[Start of section]

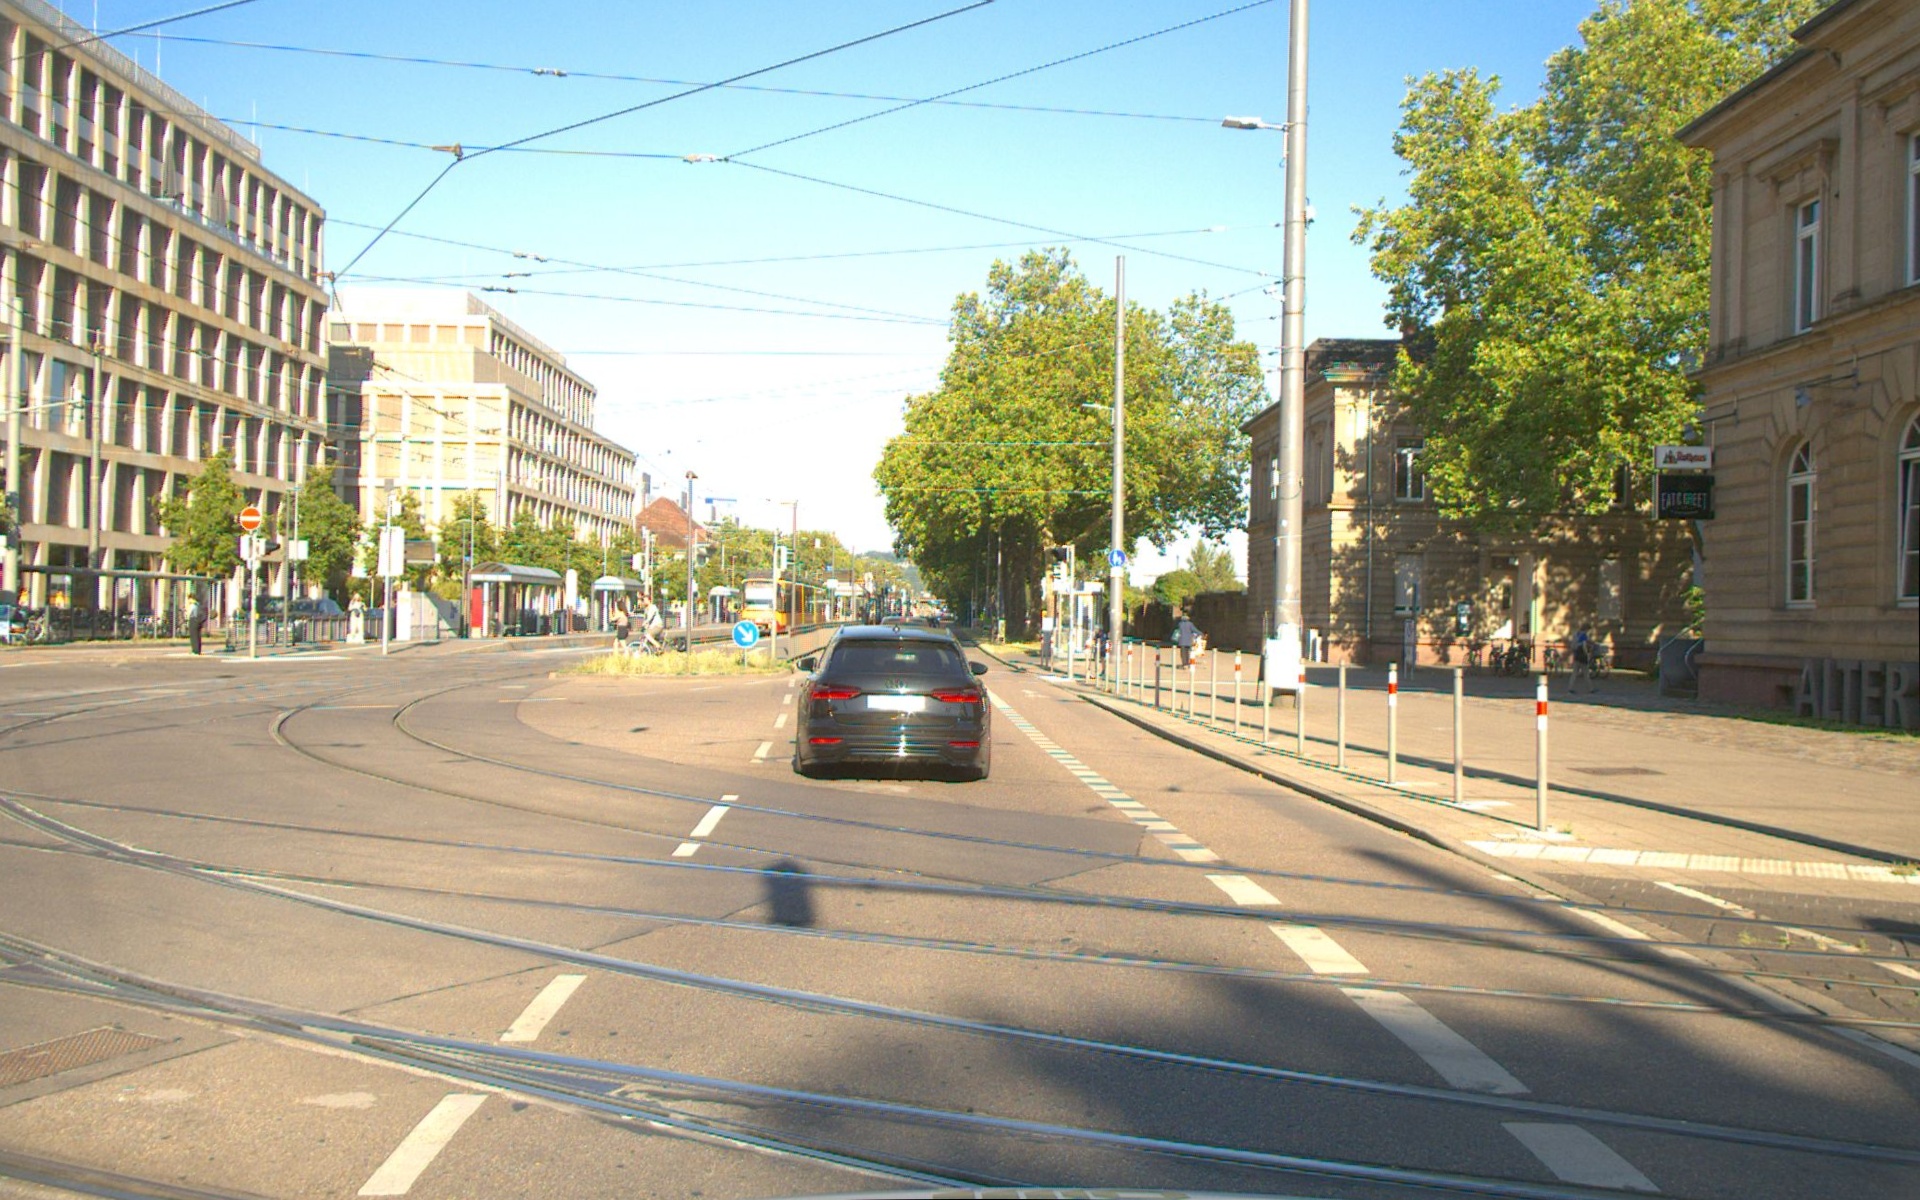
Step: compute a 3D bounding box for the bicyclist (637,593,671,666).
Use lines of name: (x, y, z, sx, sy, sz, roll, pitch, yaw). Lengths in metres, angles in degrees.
bicyclist: (-7.847, 0.761, 42.394, 0.744, 1.850, 0.761, 1, 0, -17)

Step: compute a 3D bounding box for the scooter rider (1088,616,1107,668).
scooter rider: (3.708, 1.125, 44.546, 0.475, 1.410, 0.377, 0, -2, -3)

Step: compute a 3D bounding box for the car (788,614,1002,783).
car: (-0.585, 0.907, 16.750, 1.864, 1.446, 4.144, 2, -1, 0)

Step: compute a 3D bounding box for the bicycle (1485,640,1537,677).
bicycle: (17.066, 1.795, 51.277, 0.516, 1.065, 2.354, 1, 0, -9)

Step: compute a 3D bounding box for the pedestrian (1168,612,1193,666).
pedestrian: (6.991, 1.218, 52.478, 0.668, 1.690, 0.758, 1, 0, -3)

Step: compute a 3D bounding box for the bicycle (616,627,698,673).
bicycle: (-7.771, 1.281, 42.394, 1.974, 1.128, 0.761, 1, 0, -18)

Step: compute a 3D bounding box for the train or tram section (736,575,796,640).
train or tram section: (-11.229, 0.425, 96.568, 2.556, 3.511, 11.126, 1, 0, -2)

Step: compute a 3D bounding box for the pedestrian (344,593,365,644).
pedestrian: (-19.982, 0.606, 54.586, 0.609, 1.693, 0.510, 1, -1, -26)

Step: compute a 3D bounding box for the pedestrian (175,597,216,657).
pedestrian: (-20.221, 0.712, 43.740, 0.741, 1.559, 0.625, 1, 0, 3)

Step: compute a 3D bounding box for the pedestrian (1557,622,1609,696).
pedestrian: (16.202, 1.523, 43.003, 0.962, 1.898, 0.824, 1, 0, -14)

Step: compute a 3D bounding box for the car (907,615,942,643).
car: (-2.016, 1.636, 94.081, 1.864, 1.512, 4.144, 2, -1, 0)

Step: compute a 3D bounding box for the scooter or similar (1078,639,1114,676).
scooter or similar: (3.657, 1.536, 44.532, 0.920, 0.983, 0.361, 0, -2, -3)

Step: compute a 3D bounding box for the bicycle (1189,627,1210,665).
bicycle: (7.595, 1.456, 52.511, 0.426, 1.165, 1.339, 1, 0, -2)

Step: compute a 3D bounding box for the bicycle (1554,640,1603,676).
bicycle: (19.456, 1.823, 52.058, 0.515, 1.065, 2.228, 1, 0, -5)

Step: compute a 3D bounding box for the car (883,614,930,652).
car: (-2.249, 1.391, 70.619, 1.864, 1.512, 4.144, 2, -1, 0)

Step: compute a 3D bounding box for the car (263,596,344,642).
car: (-27.204, 0.777, 68.656, 1.804, 1.844, 4.111, 1, 0, -2)

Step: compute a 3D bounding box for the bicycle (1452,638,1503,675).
bicycle: (16.023, 1.749, 51.280, 0.516, 1.065, 2.354, 1, 0, -9)

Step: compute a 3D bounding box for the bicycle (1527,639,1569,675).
bicycle: (18.420, 1.772, 51.831, 0.515, 1.065, 2.231, 1, 0, 0)

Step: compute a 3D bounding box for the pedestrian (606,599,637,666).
pedestrian: (-9.044, 0.875, 44.243, 0.725, 1.772, 0.663, 1, 0, -6)

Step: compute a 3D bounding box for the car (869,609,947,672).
car: (-1.295, 1.027, 42.877, 1.864, 1.512, 4.144, 2, -1, 0)
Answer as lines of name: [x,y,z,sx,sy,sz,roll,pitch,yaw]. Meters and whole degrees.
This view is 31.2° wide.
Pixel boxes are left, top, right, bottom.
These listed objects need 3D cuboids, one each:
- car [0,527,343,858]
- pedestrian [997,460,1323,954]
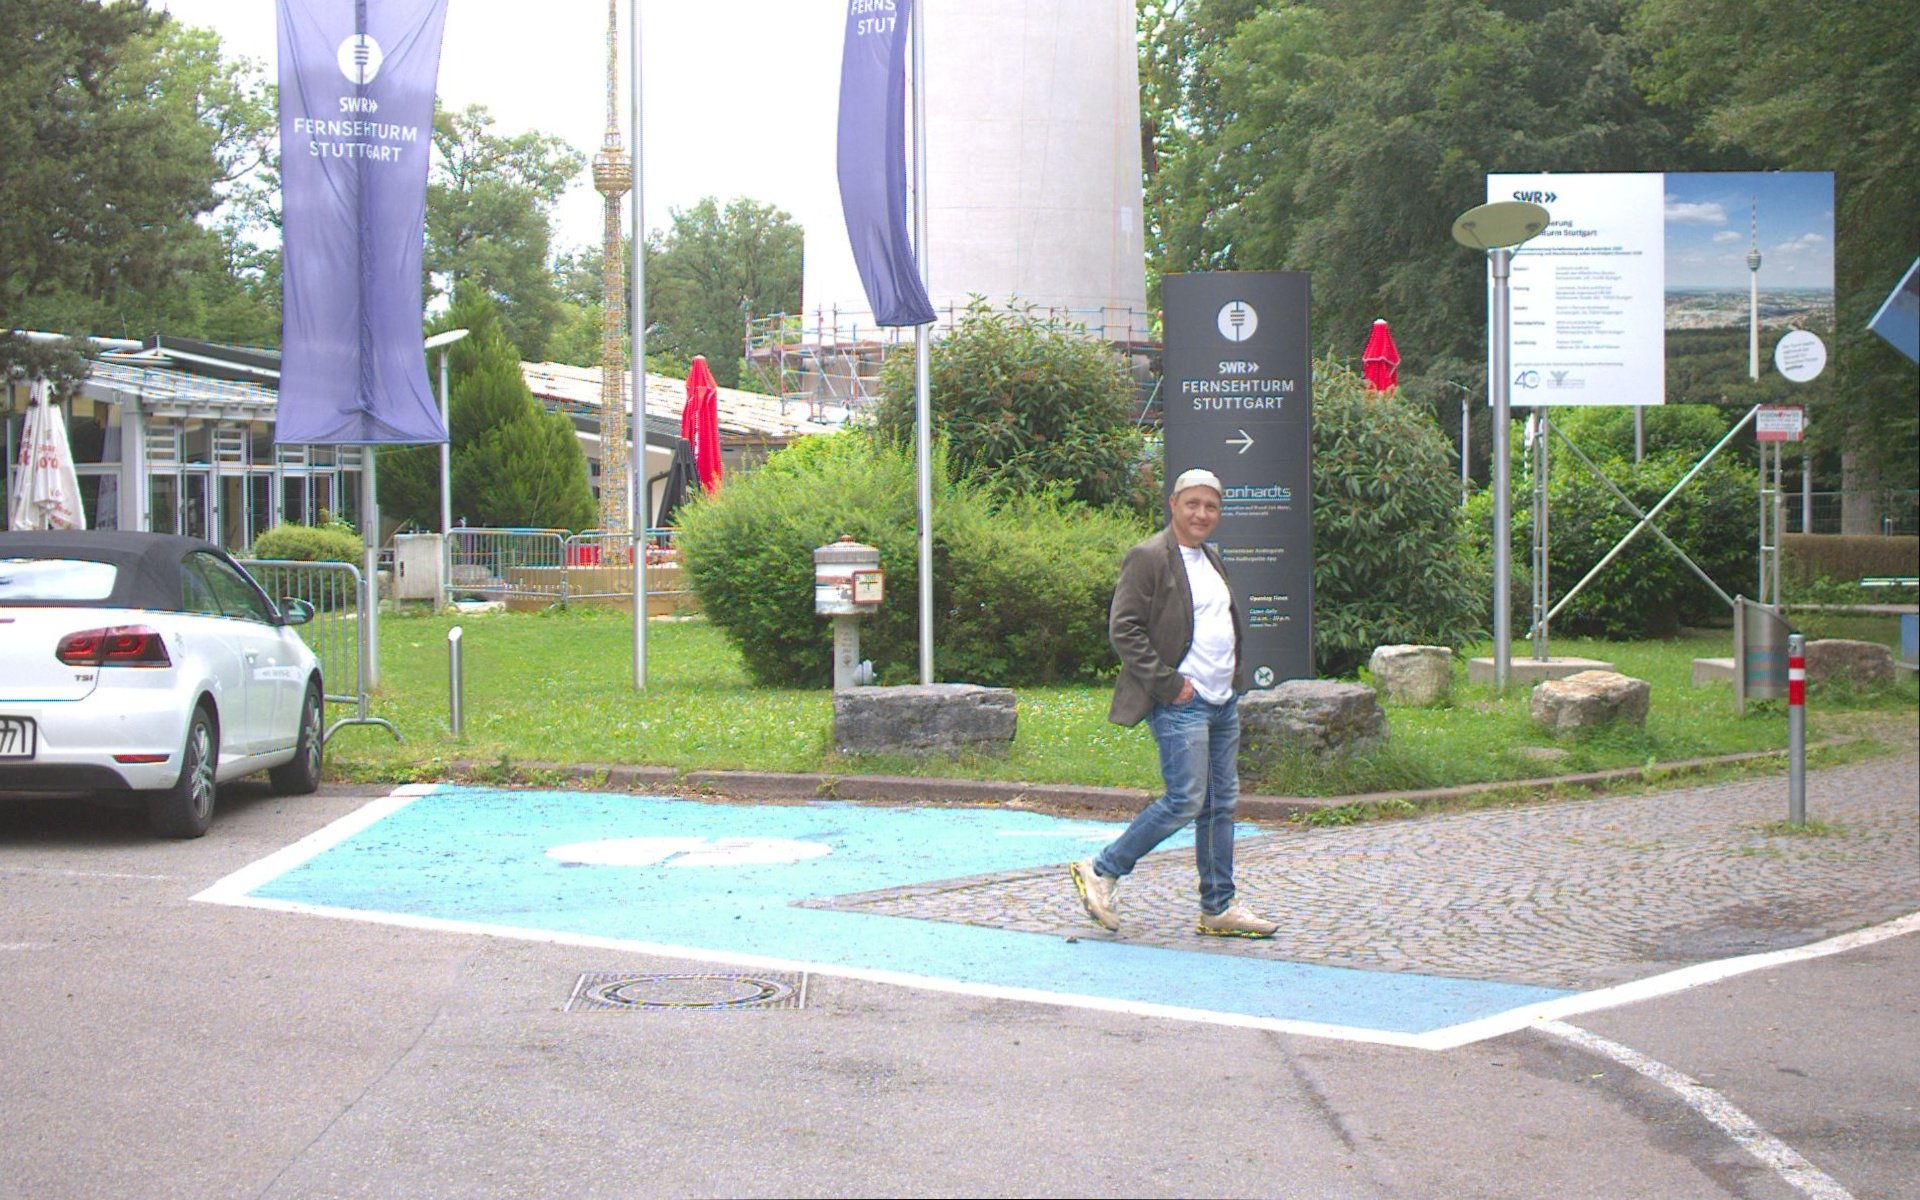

[End of section]

What needs to be done =>
What is needed is a word-for-word copy of the data above, free of any images.

Exercise response =>
Step: compute a 3D bounding box for the bicyclist (637,593,671,666).
Use lines of name: (x, y, z, sx, sy, sz, roll, pitch, yaw). Lengths in metres, angles in degrees.
bicyclist: (-7.847, 0.761, 42.394, 0.744, 1.850, 0.761, 1, 0, -17)

Step: compute a 3D bounding box for the scooter rider (1088,616,1107,668).
scooter rider: (3.708, 1.125, 44.546, 0.475, 1.410, 0.377, 0, -2, -3)

Step: compute a 3D bounding box for the car (788,614,1002,783).
car: (-0.585, 0.907, 16.750, 1.864, 1.446, 4.144, 2, -1, 0)

Step: compute a 3D bounding box for the bicycle (1485,640,1537,677).
bicycle: (17.066, 1.795, 51.277, 0.516, 1.065, 2.354, 1, 0, -9)

Step: compute a 3D bounding box for the pedestrian (1168,612,1193,666).
pedestrian: (6.991, 1.218, 52.478, 0.668, 1.690, 0.758, 1, 0, -3)

Step: compute a 3D bounding box for the bicycle (616,627,698,673).
bicycle: (-7.771, 1.281, 42.394, 1.974, 1.128, 0.761, 1, 0, -18)

Step: compute a 3D bounding box for the train or tram section (736,575,796,640).
train or tram section: (-11.229, 0.425, 96.568, 2.556, 3.511, 11.126, 1, 0, -2)

Step: compute a 3D bounding box for the pedestrian (344,593,365,644).
pedestrian: (-19.982, 0.606, 54.586, 0.609, 1.693, 0.510, 1, -1, -26)

Step: compute a 3D bounding box for the pedestrian (175,597,216,657).
pedestrian: (-20.221, 0.712, 43.740, 0.741, 1.559, 0.625, 1, 0, 3)

Step: compute a 3D bounding box for the pedestrian (1557,622,1609,696).
pedestrian: (16.202, 1.523, 43.003, 0.962, 1.898, 0.824, 1, 0, -14)

Step: compute a 3D bounding box for the car (907,615,942,643).
car: (-2.016, 1.636, 94.081, 1.864, 1.512, 4.144, 2, -1, 0)

Step: compute a 3D bounding box for the scooter or similar (1078,639,1114,676).
scooter or similar: (3.657, 1.536, 44.532, 0.920, 0.983, 0.361, 0, -2, -3)

Step: compute a 3D bounding box for the bicycle (1189,627,1210,665).
bicycle: (7.595, 1.456, 52.511, 0.426, 1.165, 1.339, 1, 0, -2)

Step: compute a 3D bounding box for the bicycle (1554,640,1603,676).
bicycle: (19.456, 1.823, 52.058, 0.515, 1.065, 2.228, 1, 0, -5)

Step: compute a 3D bounding box for the car (883,614,930,652).
car: (-2.249, 1.391, 70.619, 1.864, 1.512, 4.144, 2, -1, 0)

Step: compute a 3D bounding box for the car (263,596,344,642).
car: (-27.204, 0.777, 68.656, 1.804, 1.844, 4.111, 1, 0, -2)

Step: compute a 3D bounding box for the bicycle (1452,638,1503,675).
bicycle: (16.023, 1.749, 51.280, 0.516, 1.065, 2.354, 1, 0, -9)

Step: compute a 3D bounding box for the bicycle (1527,639,1569,675).
bicycle: (18.420, 1.772, 51.831, 0.515, 1.065, 2.231, 1, 0, 0)

Step: compute a 3D bounding box for the pedestrian (606,599,637,666).
pedestrian: (-9.044, 0.875, 44.243, 0.725, 1.772, 0.663, 1, 0, -6)

Step: compute a 3D bounding box for the car (869,609,947,672).
car: (-1.295, 1.027, 42.877, 1.864, 1.512, 4.144, 2, -1, 0)
Answer as lines of name: [x,y,z,sx,sy,sz,roll,pitch,yaw]. Meters and whole degrees.
This view is 31.2° wide.
Pixel boxes are left, top, right, bottom.
These listed objects need 3D cuboids, one each:
- car [0,527,343,858]
- pedestrian [997,460,1323,954]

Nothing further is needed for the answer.